Benefícios – Tanto para quem percorre longas distâncias em ações de prevenção e combate ao fogo quanto para ações de plantio de mudas nativas para recuperação de áreas degradadas próximas de nascentes, ter ferramentas de monitoramento remoto pode ser muito vantajoso, como afirma o presidente da Abink (Associação de Brigadistas da Nação Kadiwéu), Mesaque da Rocha.
“Por satélite, as informações são atualizadas a todo momento e isso ajuda a Abink. Como brigadistas, poderemos fazer a leitura de mapas (virtuais) antes de ir a campo ou planejar o plantio de árvores com base em informações retiradas do sistema. Outro ponto de interesse que temos é usar essa tecnologia a favor da pesquisa do pau santo, uma árvore nativa do nosso território que é essencial para as pinturas da cerâmica Kadiwéu”.
Coordenador do curso SIG (Sistemas de Informação Geográfica), Ray Pinheiro afirma que essa tecnologia é acessível, com baixo custo, e que, de cima, os satélites podem colaborar com setores da vida que muitas vezes são desconhecidos pela população
“Eles podem fazer um censo da comunidade e, a partir daí, compartilhar informações com instituições que eles acharem pertinente, podendo ser aplicadas até em campanhas de vacinação, por exemplo”, diz Ray.
Promover a identificação de espécies para coleta, produção de um roçado, identificação das aldeias, com pontos de maior ou menor densidade populacional e mapeamento de áreas sagradas para as etnias são alguns dos muitos usos desse conhecimento geoespacial, conforme Pinheiro.
Elísio Veigas, chefe de brigada e vice-cacique da Aldeia São João, acredita que o SIG pode facilitar as tomadas de decisões das seis aldeias que compõem o TI Kadiwéu.
“O curso SIG permite que a gente coloque o nosso conhecimento de campo dentro dos mapas, montando projetos e expandido essas informações para a comunidade como um todo. O Programa Corredor Azul, da Wetlands International Brasil, tem nos apoiado muito dentro dos nossos trabalhos. Esta é a segunda vez que estamos em Brasília para dar continuidade ao curso e espero replicar nas aldeias tudo que foi visto aqui”, afirmou, após a capacitação.

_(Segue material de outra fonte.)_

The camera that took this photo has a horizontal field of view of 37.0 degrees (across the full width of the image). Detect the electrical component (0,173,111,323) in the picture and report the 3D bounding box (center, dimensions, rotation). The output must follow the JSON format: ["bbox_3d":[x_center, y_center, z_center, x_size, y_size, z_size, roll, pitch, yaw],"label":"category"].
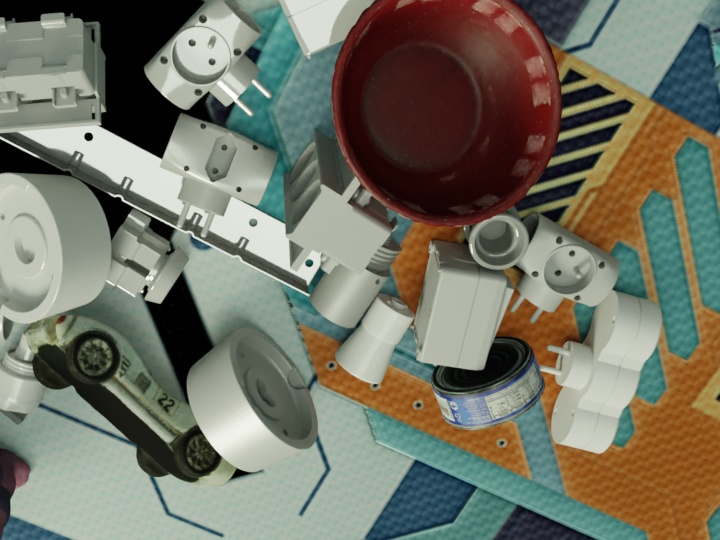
[{"bbox_3d":[-0.228,-0.019,0.787,0.108,0.060,0.108,8,103,37],"label":"electrical component"}]

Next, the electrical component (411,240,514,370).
[{"bbox_3d":[0.078,0.034,0.839,0.061,0.061,0.096,9,113,-6],"label":"electrical component"}]

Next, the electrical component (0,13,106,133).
[{"bbox_3d":[-0.244,-0.138,0.744,0.121,0.063,0.078,-5,73,-1],"label":"electrical component"}]

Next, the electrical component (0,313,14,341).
[{"bbox_3d":[-0.306,0.012,0.823,0.077,0.043,0.079,8,113,-6],"label":"electrical component"}]

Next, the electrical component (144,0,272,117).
[{"bbox_3d":[-0.098,-0.143,0.765,0.077,0.044,0.079,-43,109,14],"label":"electrical component"}]

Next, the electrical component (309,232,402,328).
[{"bbox_3d":[0.000,0.000,0.831,0.043,0.043,0.081,30,108,-14],"label":"electrical component"}]

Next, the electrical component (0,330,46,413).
[{"bbox_3d":[-0.268,0.079,0.854,0.043,0.043,0.062,19,103,-10],"label":"electrical component"}]

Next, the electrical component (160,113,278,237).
[{"bbox_3d":[-0.110,-0.064,0.791,0.077,0.043,0.079,21,88,-11],"label":"electrical component"}]

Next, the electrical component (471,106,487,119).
[{"bbox_3d":[0.089,-0.090,0.795,0.083,0.047,0.075,-2,113,-2],"label":"electrical component"}]

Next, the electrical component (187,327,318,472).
[{"bbox_3d":[-0.089,0.106,0.841,0.060,0.108,0.108,-33,111,18],"label":"electrical component"}]

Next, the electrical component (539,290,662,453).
[{"bbox_3d":[0.182,0.079,0.869,0.074,0.052,0.138,15,112,-8],"label":"electrical component"}]

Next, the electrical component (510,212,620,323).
[{"bbox_3d":[0.148,0.006,0.840,0.077,0.044,0.079,29,109,-14],"label":"electrical component"}]

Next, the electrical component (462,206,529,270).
[{"bbox_3d":[0.102,-0.031,0.816,0.045,0.055,0.045,-1,113,-2],"label":"electrical component"}]

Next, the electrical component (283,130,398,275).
[{"bbox_3d":[-0.016,-0.048,0.768,0.063,0.121,0.078,31,108,-17],"label":"electrical component"}]

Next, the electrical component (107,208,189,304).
[{"bbox_3d":[-0.165,-0.006,0.821,0.055,0.048,0.066,33,108,-7],"label":"electrical component"}]

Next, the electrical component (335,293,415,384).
[{"bbox_3d":[0.014,0.052,0.857,0.044,0.044,0.065,28,105,-13],"label":"electrical component"}]

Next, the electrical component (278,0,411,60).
[{"bbox_3d":[-0.007,-0.197,0.737,0.096,0.061,0.061,-23,112,7],"label":"electrical component"}]

Representante da Nature and Culture International e do IEB, Reinaldo Lourival destaca a importância da iniciativa de atrelar tecnologia ao conhecimento tradicional.
“Dentro da ideia de construir um etnomapa e fazer uma gestão territorial e ambiental, os SIG vêm trazer uma linguagem que também é inteligível do ponto de vista do plano de gestão territorial. Ele tecnifica um pouco mais uma coisa que é criada pelos próprios indígenas que é o Plano de Vida, o plano de gestão do seu território. Nesse sentido, você coloca para eles uma ferramenta que, teoricamente, já está na cabeça deles, que é parte do seu conhecimento de mundo. Por isso, é importante essa capacitação, pois ela permite que os indígenas tenham autonomia para manusear os sistemas e transferir os conhecimentos para dentro do software. Isso ajuda eles a comunicarem essa percepção do território de uma forma mais pragmática, dentro de mapas, que servem até mesmo para a rede de parceiros dos indígenas”, conclui.